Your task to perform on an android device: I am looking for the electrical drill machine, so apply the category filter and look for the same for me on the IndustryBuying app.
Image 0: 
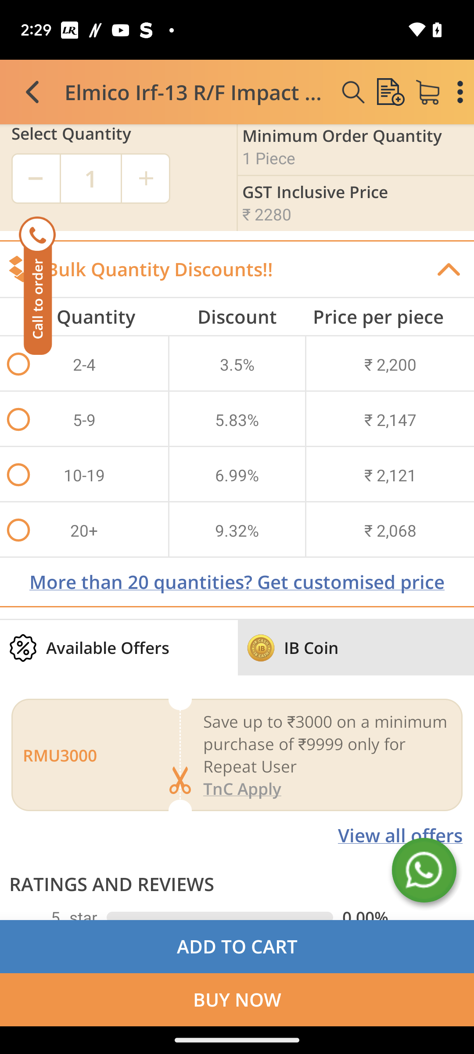
Go back to the previous page.
Step 0: press back button
Image 1: 
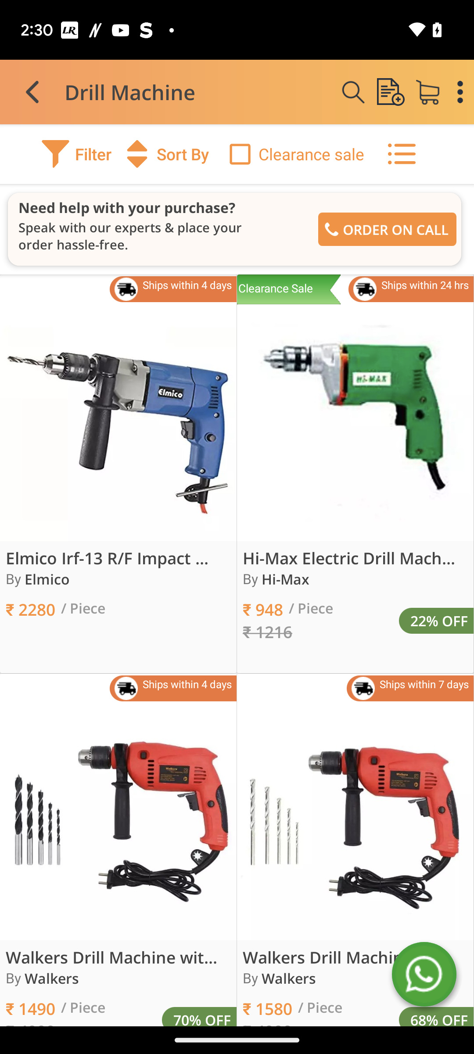
Click on the tab filter.
Step 1: click (76, 154)
Image 2: 
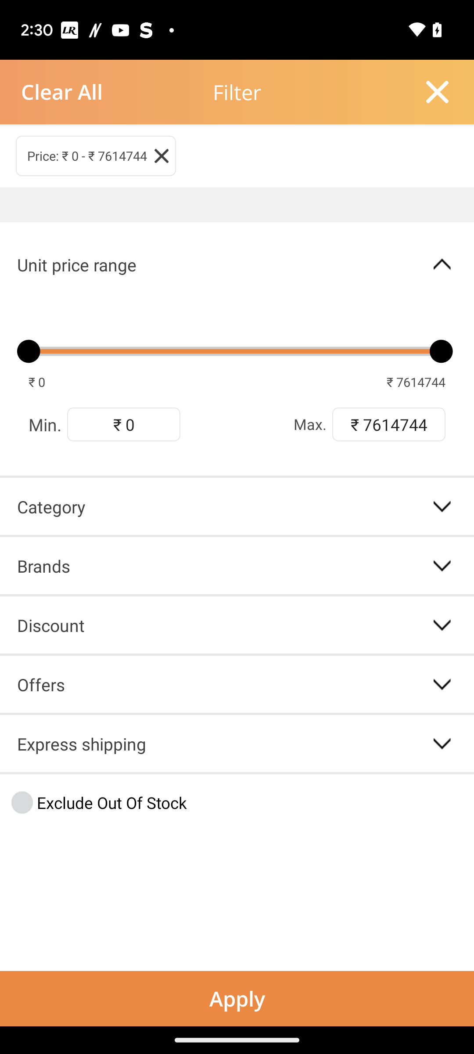
Click on the tab "Category".
Step 2: click (302, 501)
Image 3: 
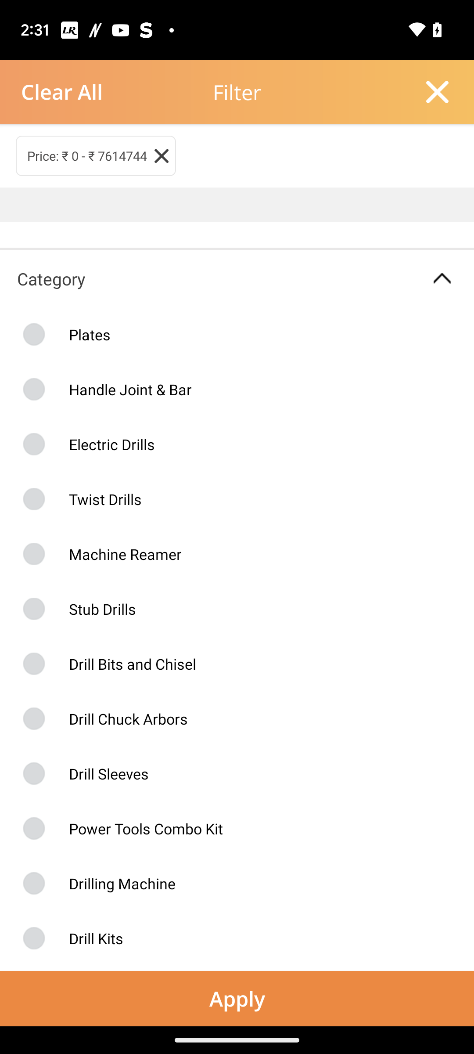
Select the tab Electric Drills.
Step 3: click (89, 444)
Image 4: 
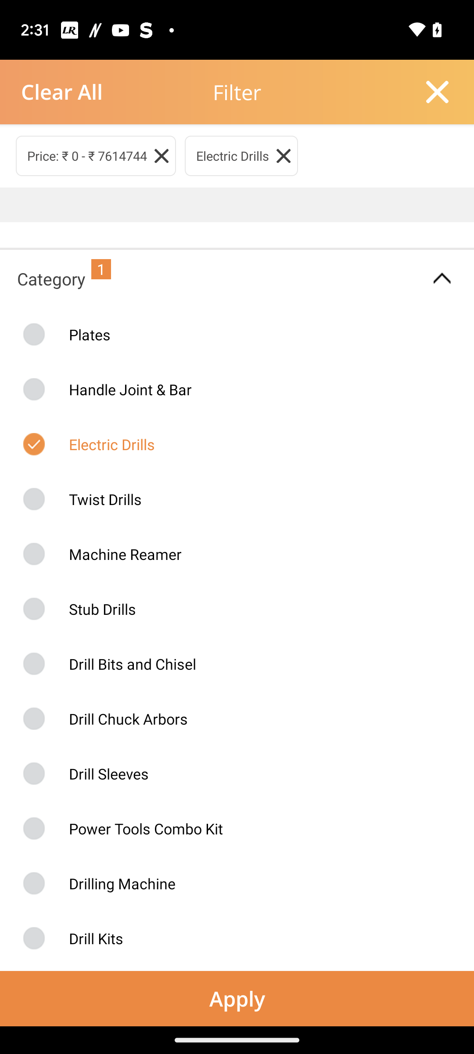
Click on the tab "Apply" at the bottom.
Step 4: click (237, 998)

▶ _PROBLEM STATEMENT_: Keep out the pictures, and copy exactly the lines from the one that contains "Step 3: click (89, 444)" through the final line of the records above, both ends included.

▶ _WRITTEN ANSWER_:
Step 3: click (89, 444)
Image 4: 
Click on the tab "Apply" at the bottom.
Step 4: click (237, 998)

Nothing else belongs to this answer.